*** Opening of DATA FOR ANALYSIS ***
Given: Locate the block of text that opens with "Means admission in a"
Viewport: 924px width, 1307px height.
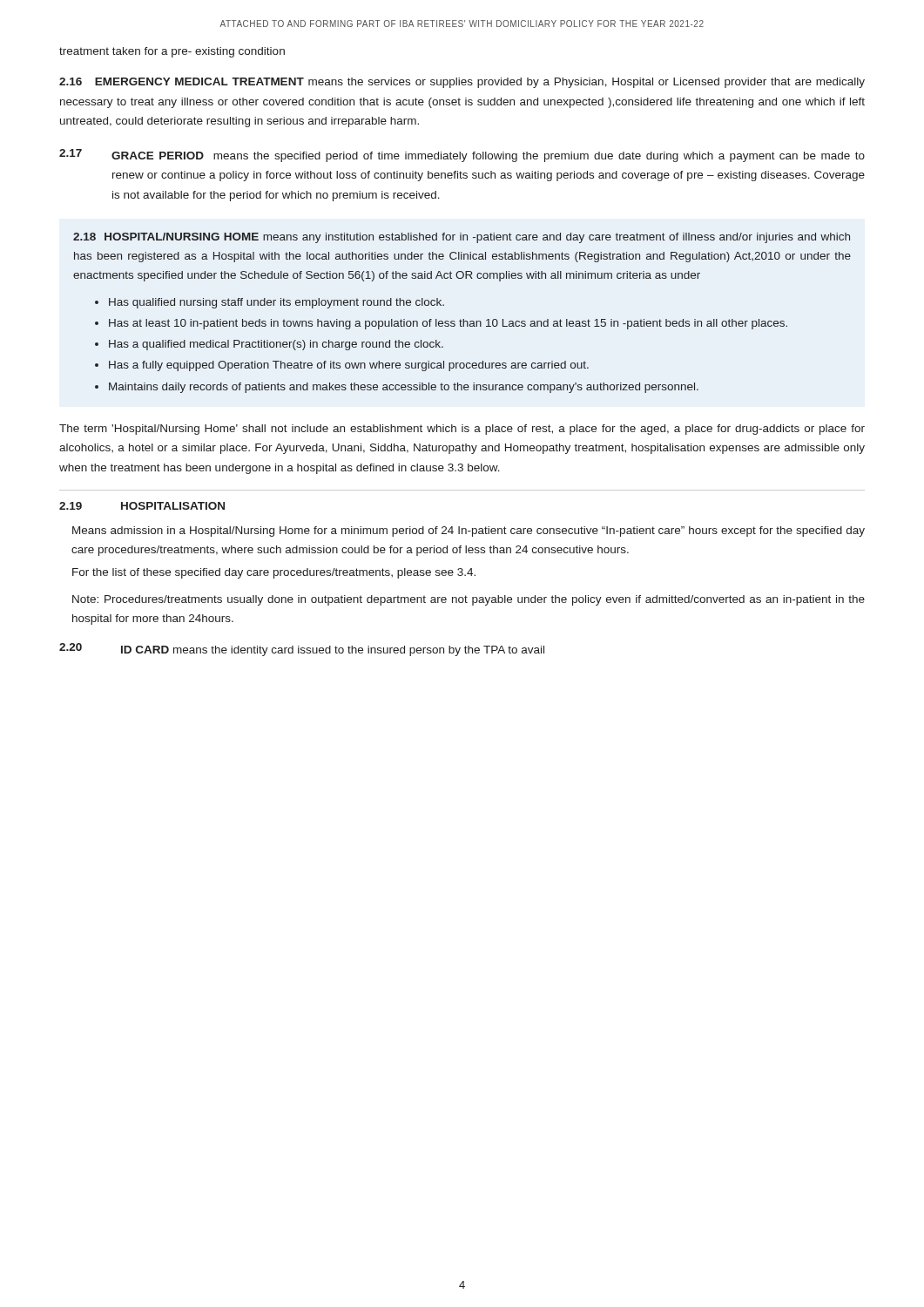Looking at the screenshot, I should (468, 540).
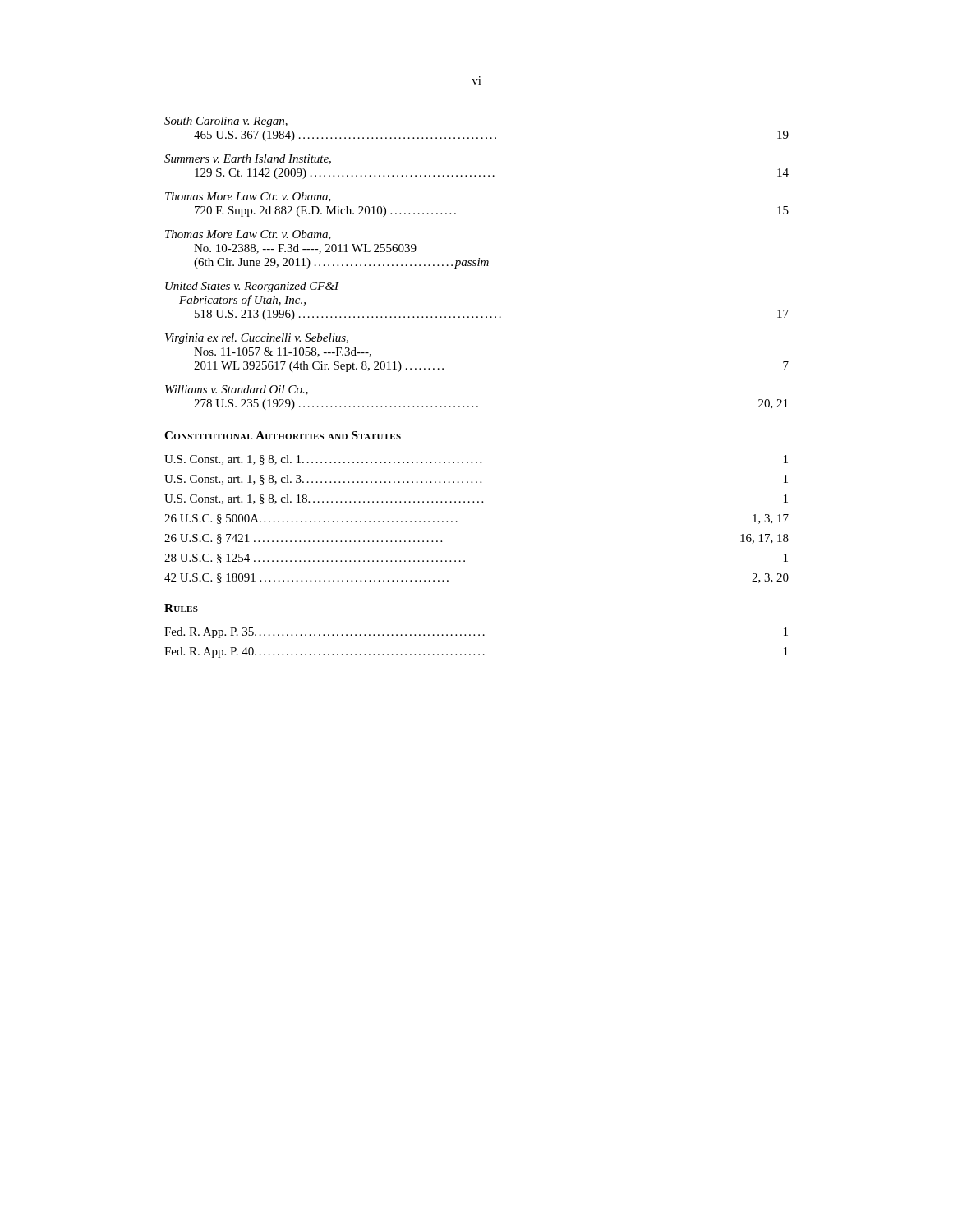This screenshot has width=953, height=1232.
Task: Locate the block of text that opens with "Thomas More Law Ctr. v. Obama, 720"
Action: [248, 197]
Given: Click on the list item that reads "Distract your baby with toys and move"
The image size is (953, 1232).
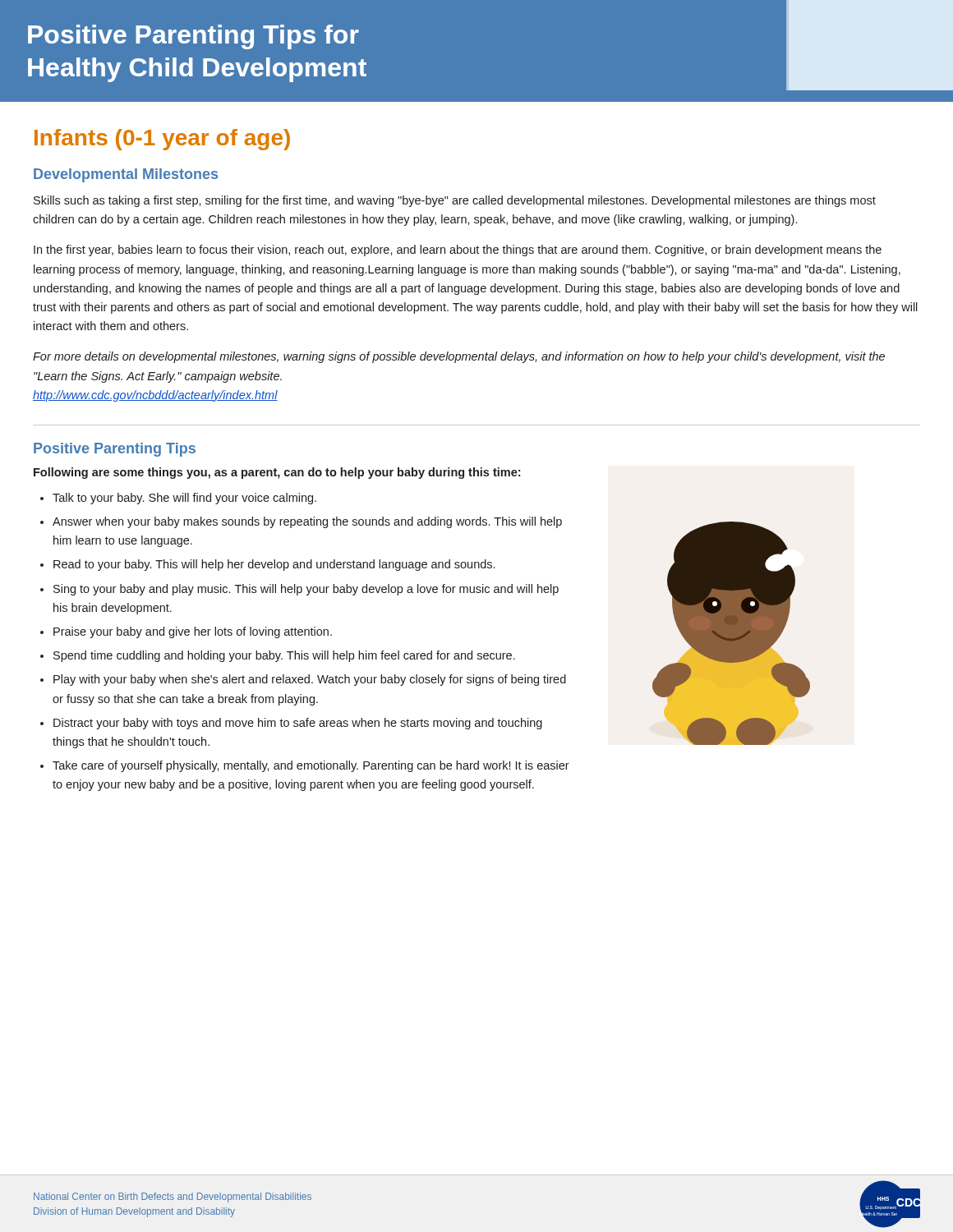Looking at the screenshot, I should coord(314,733).
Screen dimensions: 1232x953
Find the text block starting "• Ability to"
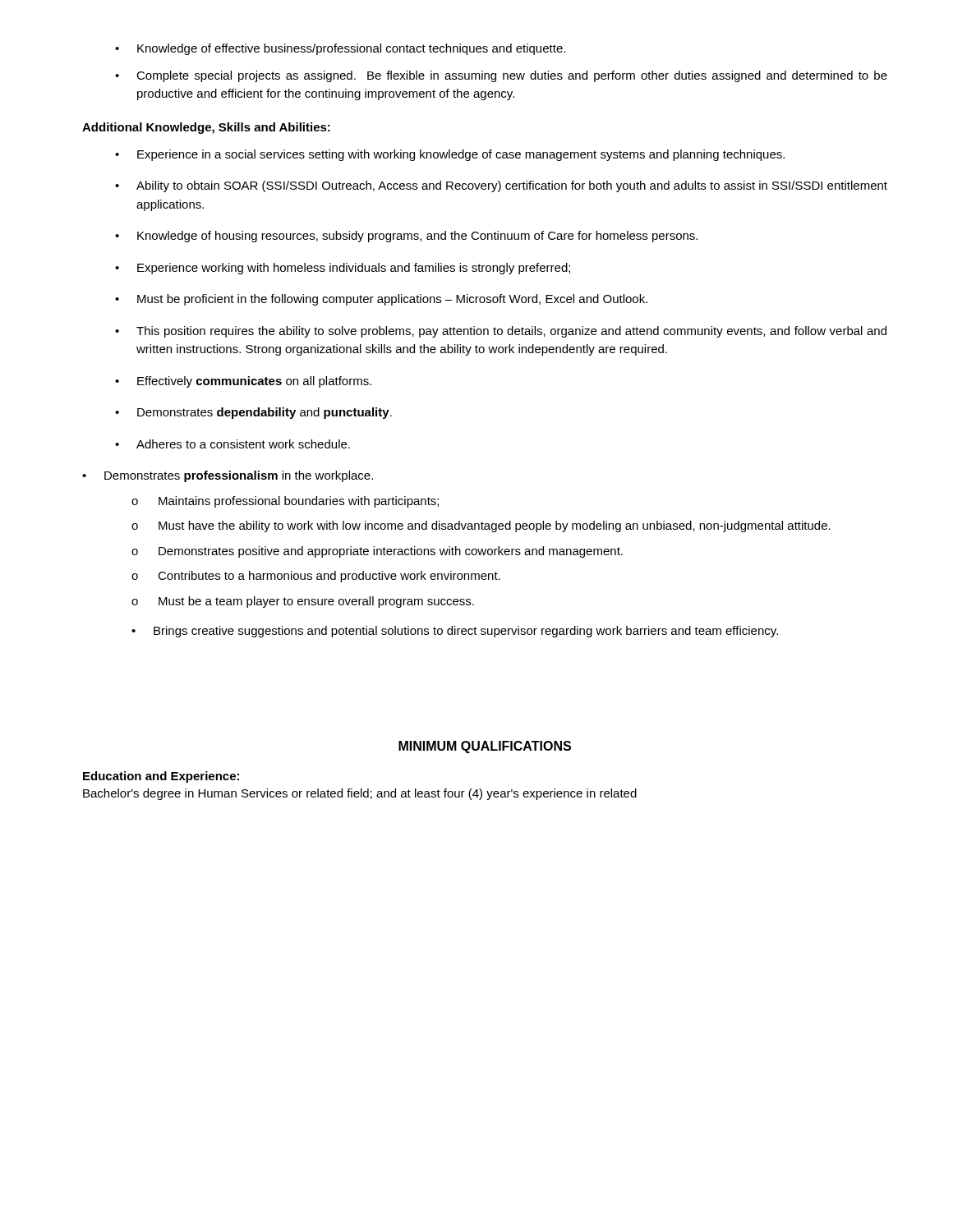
*** Close of DATA FOR ANALYSIS ***
• EXERCISE OBJECTIVE: Once the pictures are set aside, restate the remaining data above exactly.

• RESPONSE FOR THIS EXERCISE:
Given: Locate the block of text that opens with "Means admission in a"
Viewport: 924px width, 1307px height.
Looking at the screenshot, I should (468, 540).
This screenshot has width=953, height=1232.
Task: Locate the block of text that opens with "Thomas More Law Ctr. v. Obama, 720"
Action: [248, 197]
Given: Click on the list item that reads "Distract your baby with toys and move"
The image size is (953, 1232).
Looking at the screenshot, I should coord(314,733).
Screen dimensions: 1232x953
Find the text block starting "• Ability to"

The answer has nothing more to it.